Yes, we all know how to read Wikipedia...
Now, in order to write a program `P' that obfuscates code in a way that
statements are replaced by more complex code (e.g., function calls) that
computes the same as the original code for any given input, that program
`P' must be able to recognize, for example, a set of statements that is an
implementation of the squaring function as such a program `p'.

No, it doesn't have to do that. I could replace every function in the
original program with another that computes the same result, but which
is syntactically more complicated. This does not go very far towards
the OP's goal, though, as I'm sure it would be straightforward to
write code to recognize and reverse this transformation.

Since the
proof above shows that this is not possible, there cannot be such a program
`P' (even if there can be such programs `p' or `t', which was not disputed
before).

Sorry, I don't understand the parenthetical remark. But your
conclusion is clearly based upon a misreading of Rice's Theorem.

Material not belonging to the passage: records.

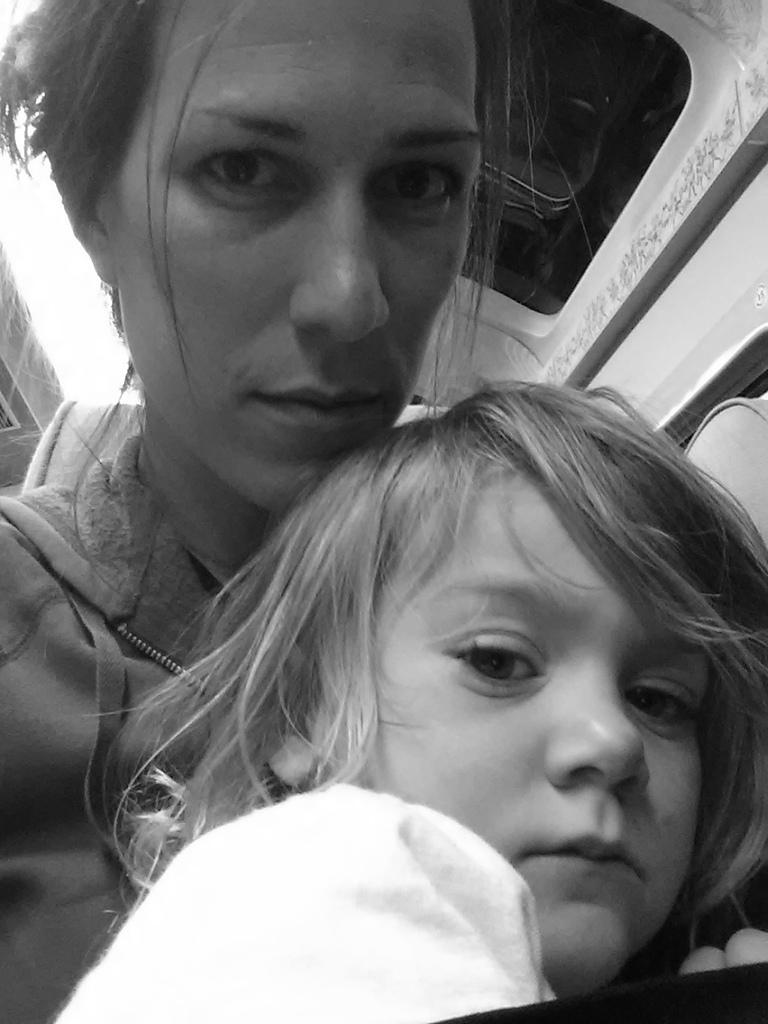Who is present in the image? There is a woman and a girl in the image. What is the woman doing in the image? The woman appears to be seated in a vehicle. What type of pain is the woman experiencing in the image? There is no indication of pain in the image; the woman appears to be seated in a vehicle. 
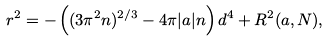<formula> <loc_0><loc_0><loc_500><loc_500>r ^ { 2 } = - \left ( ( 3 \pi ^ { 2 } n ) ^ { 2 / 3 } - 4 \pi | a | n \right ) d ^ { 4 } + R ^ { 2 } ( a , N ) ,</formula> 
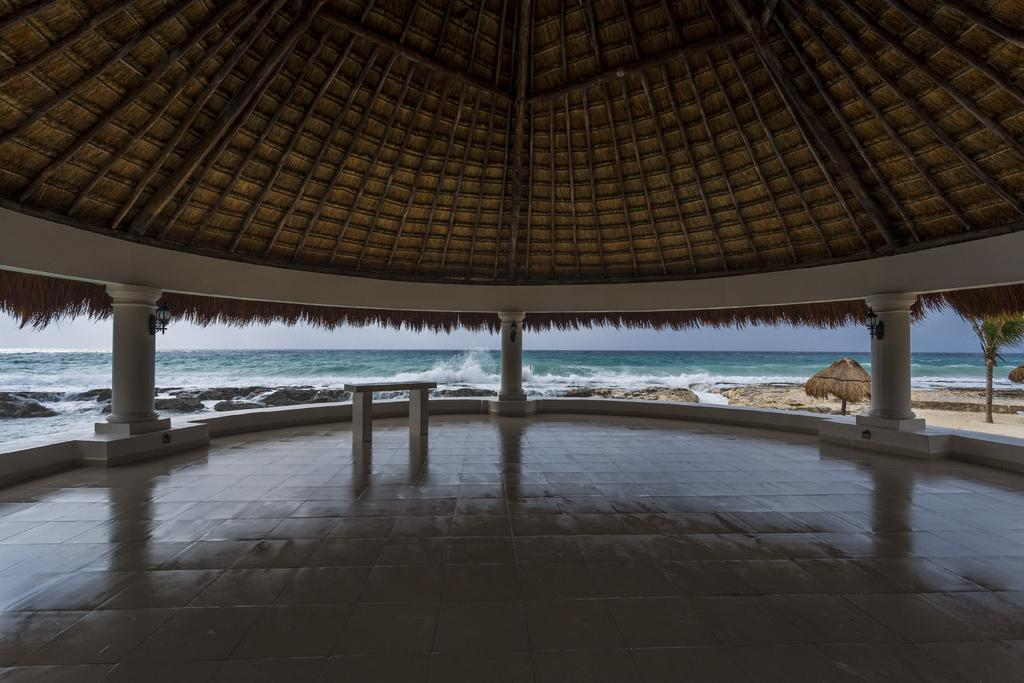What type of structure can be seen in the image? There is a shed in the image. What architectural features are present in the image? There are pillars in the image. What surface is visible in the image? There is a floor in the image. What objects can be seen on the floor? There are objects on the floor. What type of terrain is visible in the image? There is ground visible in the image. What can be seen in the background of the image? There are sheds, a tree, rocks, and water visible in the background of the image. What part of the natural environment is visible in the image? The sky is visible in the image. Where is the spoon used for stirring in the image? There is no spoon present in the image. What type of notebook is being used by the person in the image? There is no person or notebook present in the image. 
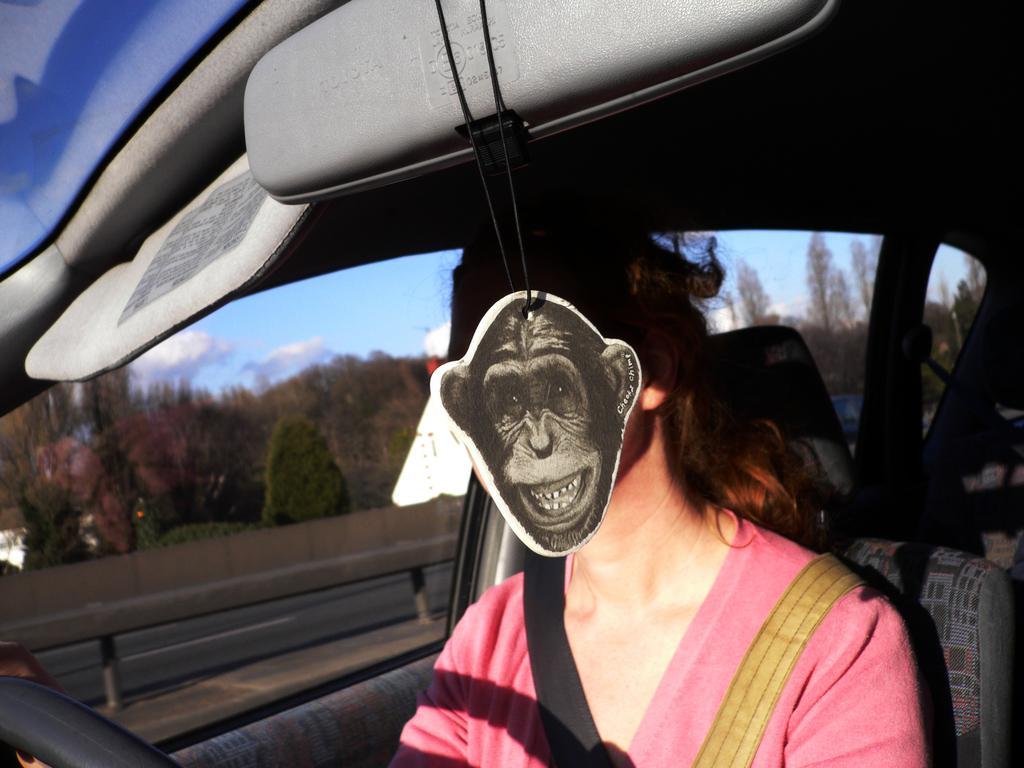Could you give a brief overview of what you see in this image? This image is clicked inside a vehicle. There is a person sitting on the seat. The person is wearing a seatbelt. Beside the person there are windows to the vehicle. Outside the windows there are trees and sky. At the top there is an object. There is a mask of a monkey hanging to the object.

A corollary of this is what I originally stated: If you cannot
programmatically determine if a set of statements is an implementation ofa
certain function `p', you can _not_ write a program `P' that computes or
selects another function `t' that computes the same values as this set of
statements for the same inputs.

But you don't necessarily have to come at this from that direction.
You don't have to demonstrate an understanding of any set of
statements. You can do these transformations at the syntactic level,
using, for example, a fixed-point combinator like the Y-combinator on
the functions presented.

I'm not trying to support the OP. I think the idea is not well-
conceived, and that even if it were to work reasonably well, it would
cause more problems than it could possibly solve, but Rice's theorem
is not relevant.

You didn't respond to Lasse Nielsen's last post, but, if you're right
that Rice's theorem says that you cannot programatically convert a
function to another of identical behavior, how do explain the
existence of compilers?
I find it rather curious that nobody appears to have recognized that even
though the proof for Rice's theorem in the Wikipedia is based on the very
same trivial property that the OP used in their question (the squaring
function), and I pointed that out in my answer.

That means only that we can't algorithmically recognize any and all
sets of statements that represent squaring functions. It doesn't
imply that we can't transform one squaring function into another.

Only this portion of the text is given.